Assignment:
In the records below, the line with "Click on the big T to increase to font size." opens the range and the line with "Step 0: click (327, 922)" closes it; print that range exactly and nothing else.

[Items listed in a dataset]
- - - - -

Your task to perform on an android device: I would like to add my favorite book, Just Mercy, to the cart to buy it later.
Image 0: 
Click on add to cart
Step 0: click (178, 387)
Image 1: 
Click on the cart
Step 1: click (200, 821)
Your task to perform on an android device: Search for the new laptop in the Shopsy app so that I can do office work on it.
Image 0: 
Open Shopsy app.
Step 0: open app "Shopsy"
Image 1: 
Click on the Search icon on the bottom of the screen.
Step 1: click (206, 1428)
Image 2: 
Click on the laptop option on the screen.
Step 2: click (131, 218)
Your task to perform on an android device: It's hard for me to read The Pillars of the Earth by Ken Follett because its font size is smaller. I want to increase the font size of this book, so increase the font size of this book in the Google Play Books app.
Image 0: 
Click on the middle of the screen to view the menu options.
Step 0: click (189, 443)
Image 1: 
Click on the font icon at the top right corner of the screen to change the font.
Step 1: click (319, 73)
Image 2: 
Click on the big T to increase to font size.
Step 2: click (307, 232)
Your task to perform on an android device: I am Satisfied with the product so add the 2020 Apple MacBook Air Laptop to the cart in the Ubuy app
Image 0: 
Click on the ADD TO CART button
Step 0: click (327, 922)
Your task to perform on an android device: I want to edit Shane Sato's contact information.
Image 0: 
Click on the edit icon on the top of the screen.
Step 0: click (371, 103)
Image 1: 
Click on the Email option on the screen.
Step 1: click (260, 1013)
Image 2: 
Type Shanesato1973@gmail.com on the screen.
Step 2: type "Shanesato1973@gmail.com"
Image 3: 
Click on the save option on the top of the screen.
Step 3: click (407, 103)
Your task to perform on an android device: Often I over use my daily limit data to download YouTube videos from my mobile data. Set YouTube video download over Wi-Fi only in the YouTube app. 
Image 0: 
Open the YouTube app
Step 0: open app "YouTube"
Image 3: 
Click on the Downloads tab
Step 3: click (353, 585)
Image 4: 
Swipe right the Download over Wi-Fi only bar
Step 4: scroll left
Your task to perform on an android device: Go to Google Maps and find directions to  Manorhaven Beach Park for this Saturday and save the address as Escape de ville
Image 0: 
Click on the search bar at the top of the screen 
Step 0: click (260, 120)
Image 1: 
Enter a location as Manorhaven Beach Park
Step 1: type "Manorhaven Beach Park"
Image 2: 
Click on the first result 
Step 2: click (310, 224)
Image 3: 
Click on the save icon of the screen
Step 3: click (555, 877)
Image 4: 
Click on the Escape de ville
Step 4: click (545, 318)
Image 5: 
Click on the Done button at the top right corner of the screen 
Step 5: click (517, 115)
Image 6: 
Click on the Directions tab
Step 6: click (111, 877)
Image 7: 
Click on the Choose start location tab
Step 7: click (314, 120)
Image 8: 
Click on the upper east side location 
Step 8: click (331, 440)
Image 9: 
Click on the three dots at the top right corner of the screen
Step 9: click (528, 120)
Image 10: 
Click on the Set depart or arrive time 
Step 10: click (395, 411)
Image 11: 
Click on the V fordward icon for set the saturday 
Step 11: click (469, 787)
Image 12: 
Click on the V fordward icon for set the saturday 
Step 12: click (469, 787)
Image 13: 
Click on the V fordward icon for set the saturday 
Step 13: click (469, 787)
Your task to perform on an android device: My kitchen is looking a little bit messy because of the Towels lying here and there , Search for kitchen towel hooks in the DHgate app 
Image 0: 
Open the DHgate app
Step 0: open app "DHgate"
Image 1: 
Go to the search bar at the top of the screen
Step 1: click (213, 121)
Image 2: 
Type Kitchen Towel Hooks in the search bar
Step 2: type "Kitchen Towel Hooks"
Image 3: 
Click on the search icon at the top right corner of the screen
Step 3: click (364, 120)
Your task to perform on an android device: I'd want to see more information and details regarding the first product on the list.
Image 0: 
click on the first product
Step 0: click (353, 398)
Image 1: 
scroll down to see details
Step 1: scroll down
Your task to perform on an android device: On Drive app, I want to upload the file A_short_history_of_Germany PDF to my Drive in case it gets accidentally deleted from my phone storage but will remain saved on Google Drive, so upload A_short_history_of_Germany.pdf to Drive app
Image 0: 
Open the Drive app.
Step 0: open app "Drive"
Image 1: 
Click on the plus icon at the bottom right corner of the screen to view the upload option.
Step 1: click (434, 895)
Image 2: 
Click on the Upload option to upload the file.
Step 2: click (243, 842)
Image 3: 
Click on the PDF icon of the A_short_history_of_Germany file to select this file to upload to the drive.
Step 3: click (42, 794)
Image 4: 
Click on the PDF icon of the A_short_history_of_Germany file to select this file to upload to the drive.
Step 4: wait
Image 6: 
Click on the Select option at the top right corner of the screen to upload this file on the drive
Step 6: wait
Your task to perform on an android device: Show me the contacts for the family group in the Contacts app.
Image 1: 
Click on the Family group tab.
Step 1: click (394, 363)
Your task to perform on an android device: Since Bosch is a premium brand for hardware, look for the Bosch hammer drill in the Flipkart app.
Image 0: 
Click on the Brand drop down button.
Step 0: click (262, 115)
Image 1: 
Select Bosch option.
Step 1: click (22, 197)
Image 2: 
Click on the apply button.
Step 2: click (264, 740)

- - - - -

Exercise result:
Click on the big T to increase to font size.
Step 2: click (307, 232)
Your task to perform on an android device: I am Satisfied with the product so add the 2020 Apple MacBook Air Laptop to the cart in the Ubuy app
Image 0: 
Click on the ADD TO CART button
Step 0: click (327, 922)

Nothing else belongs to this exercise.